Joaquin Sorolla y Bastida (1863-1923)

Sol de la Tarde, playa de Valencia (Afternoon Sun, Valencia Beach)

细节
Joaquin Sorolla y Bastida (1863-1923)
Sol de la Tarde, playa de Valencia (Afternoon Sun, Valencia Beach)
signed and dated 'J. Sorolla Bastida 1910' (lower right)
oil on canvas
27 x 37 in. (69.9 x 95.3 cm.)
Painted in 1910
出版
R. Domenec, Sorolla: Su Vida y Su Obra, Madrid, 1910, no. 110 (illustrated).
B. De Pantorba, La Vida y La Obra de Joaquin Sorolla, Madrid, 1953, p. 189, no. 1723 (titled Sol de la tarde, playa de Valencia).
展览
Chicago, The Art Institute, Joaquin Sorolla y Bastida, February-March 1911, no. 105.
拍场告示
Please note this lot is unframed.

拍品专文

Joaquin Sorolla y Bastida's international reputation was secured following the landmark success of his inaugural exhibition and sale in 1909 at the Hispanic Society of America. During the one-month span of the New York exhibition (8 February-8 March), attendance reached 160,000 visitors and Sorolla sold 195 paintings. Naturally, the artist welcomed Archer Milton Huntington's invitation to return to the Society for a future exhibition. Huntington, both founder and president of the Hispanic Society of America, was to become one of Sorolla's greatest promoters in the United States.

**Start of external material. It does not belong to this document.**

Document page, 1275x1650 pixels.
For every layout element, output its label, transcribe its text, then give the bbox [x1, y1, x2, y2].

In preparation for his forthcoming commitment, Sorolla returned to Spain and, accompanied by his family, travelled to his native town of Valencia. It is likely Sorolla executed Children at the Beach during this summer of 1910. Valencia's exquisite surroundings of the sea and beach provided an opportunity to paint en plein-air which was of paramount importance to Sorolla. Indeed, as James Gibbons Huneker notes,"...he [Sorolla] is the painter of vibrating sunshine without equal. Let there be no mincing of comparisons in this assertion. Not Turner, not Monet, painted so directly blinding shafts of sunlight as has this Spaniard" (quoted in E. Peel, The Painter Joaquin Sorolla, New York, 1989, exh. cat., p. 13).

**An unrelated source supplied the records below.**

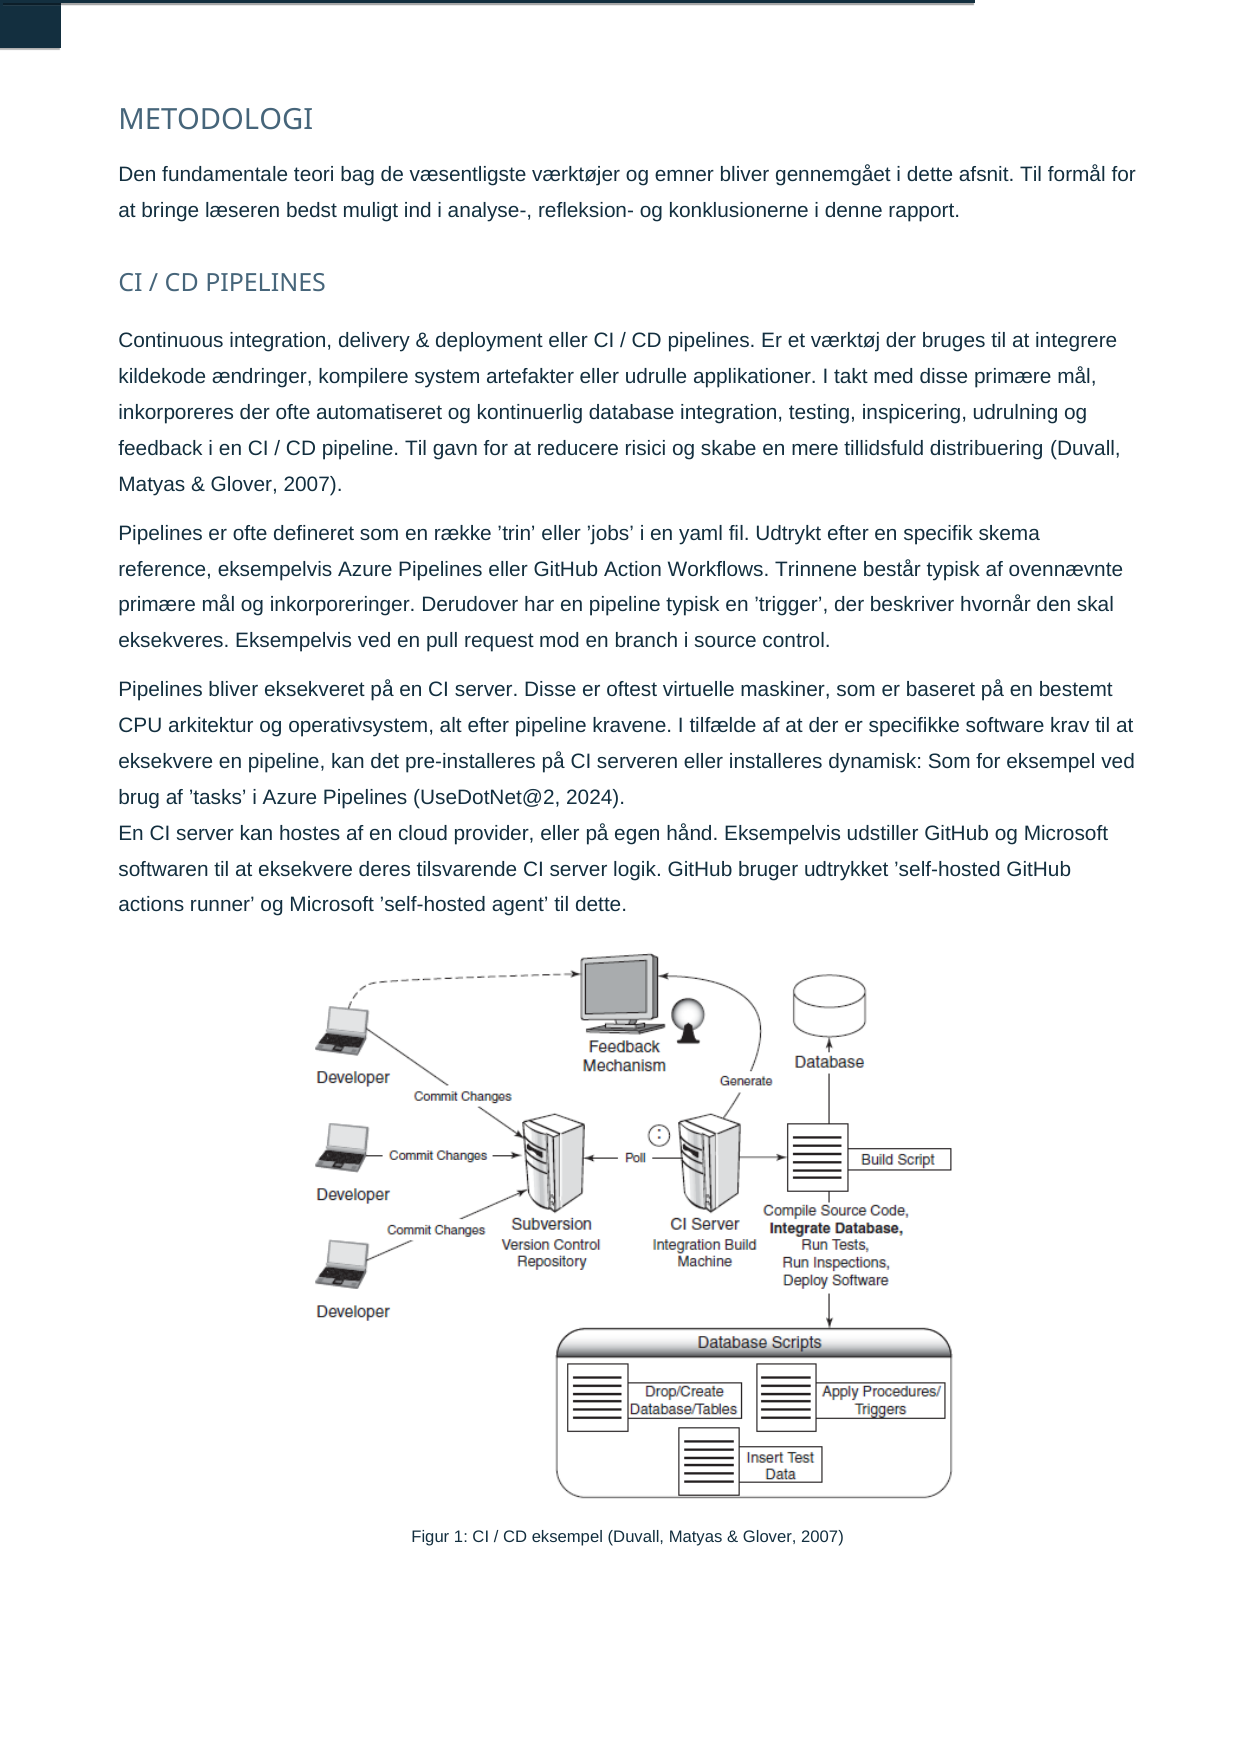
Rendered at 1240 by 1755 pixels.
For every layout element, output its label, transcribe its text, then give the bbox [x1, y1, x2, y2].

text Pipelines bliver eksekveret på en CI server. Disse er oftest virtuelle maskiner, som er baseret på en bestemt CPU arkitektur og operativsystem, alt efter pipeline kravene. I tilfælde af at der er specifikke software krav til at eksekvere en pipeline, kan det pre-installeres på CI serveren eller installeres dynamisk: Som for eksempel ved brug af ’tasks’ i Azure Pipelines (UseDotNet@2, 2024). En CI server kan hostes af en cloud provider, eller på egen hånd. Eksempelvis udstiller GitHub og Microsoft softwaren til at eksekvere deres tilsvarende CI server logik. GitHub bruger udtrykket ’self-hosted GitHub actions runner’ og Microsoft ’self-hosted agent’ til dette. [118, 677, 1137, 916]
text Figur 1: CI / CD eksempel (Duvall, Matyas & Glover, 2007) [118, 1527, 1137, 1546]
text Den fundamentale teori bag de væsentligste værktøjer og emner bliver gennemgået i dette afsnit. Til formål for at bringe læseren bedst muligt ind i analyse-, refleksion- og konklusionerne i denne rapport. [118, 162, 1137, 221]
subtitle Metodologi [118, 98, 1137, 138]
text Pipelines er ofte defineret som en række ’trin’ eller ’jobs’ i en yaml fil. Udtrykt efter en specifik skema reference, eksempelvis Azure Pipelines eller GitHub Action Workflows. Trinnene består typisk af ovennævnte primære mål og inkorporeringer. Derudover har en pipeline typisk en ’trigger’, der beskriver hvornår den skal eksekveres. Eksempelvis ved en pull request mod en branch i source control. [118, 520, 1137, 652]
text Continuous integration, delivery & deployment eller CI / CD pipelines. Er et værktøj der bruges til at integrere kildekode ændringer, kompilere system artefakter eller udrulle applikationer. I takt med disse primære mål, inkorporeres der ofte automatiseret og kontinuerlig database integration, testing, inspicering, udrulning og feedback i en CI / CD pipeline. Til gavn for at reducere risici og skabe en mere tillidsfuld distribuering (Duvall, Matyas & Glover, 2007). [118, 328, 1137, 496]
subtitle CI / CD Pipelines [118, 265, 1137, 299]

Children at the Beach was featured in the Art Institute of Chicago's 1911 monographic exhibition on Sorolla. This painting evokes the peaceful sentiments of a day at the beach as the shade of the late afternoon sun draws across the wet bodies of the two young children. This hour of day and the palette are reminiscent of Sorolla's Clotilde y Elena en las Rocas, Jvea (Christie's, New York, 22 May 1997, lot 163). Indeed, as the art critc Henri Richefort commented on Sorolla's art "never has a brush contained so much... sun" (quoted in P.E. Muller, The Painter Joacquin Sorolla, New York, 1989, exh. cat., p. 62).

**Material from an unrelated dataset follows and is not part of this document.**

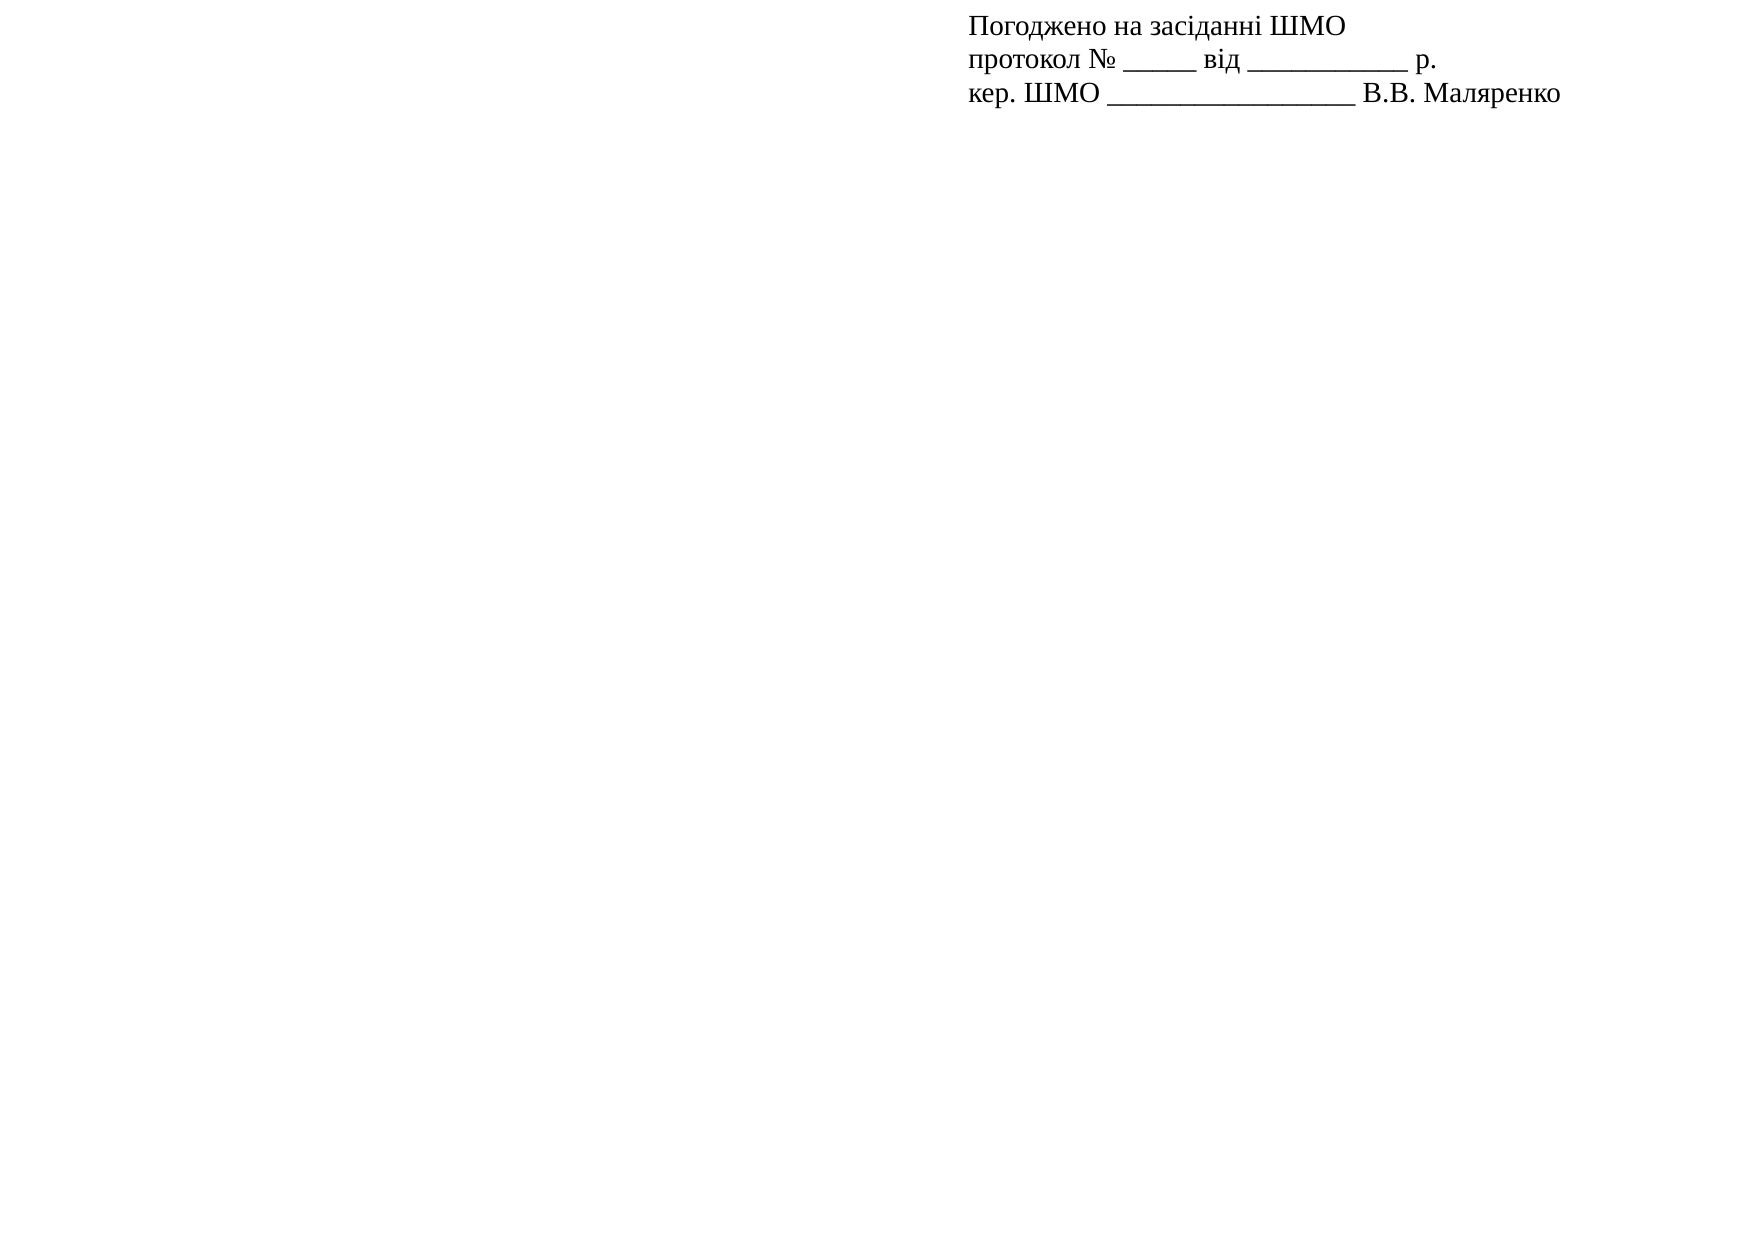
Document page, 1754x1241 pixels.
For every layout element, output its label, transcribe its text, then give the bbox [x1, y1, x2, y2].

text протокол № _____ від ___________ р. [118, 41, 1636, 75]
text кер. ШМО _________________ В.В. Маляренко [118, 75, 1636, 108]
text Погоджено на засіданні ШМО [118, 8, 1636, 41]

It is interesting to note that during the Chicago exhibition the young boy is depicted without his bathing trunks (fig. 1). It is impossible to determine if this change was made by Sorolla, or by another artist in order to appease the conservative American taste of the time. Stylistically and technically, this area of the painting is totally congrous with the body of the boy and the rest of the painting, therefore supporting the theory that Sorolla was responsible for this change. This hypothesis is also supported by the fact that Sorolla had a strong buying audience in his new American clientele, and it would have been in his best interest to please them. This was a common practice between 19th Century European painters, and their American patrons, who often asked that the paintings be changed to meet their specifications. However, Blanca Pons Sorolla feels the alteration to our painting may be the work of another hand.

Blanca Pons Sorolla has confirmed the authenticity of this painting.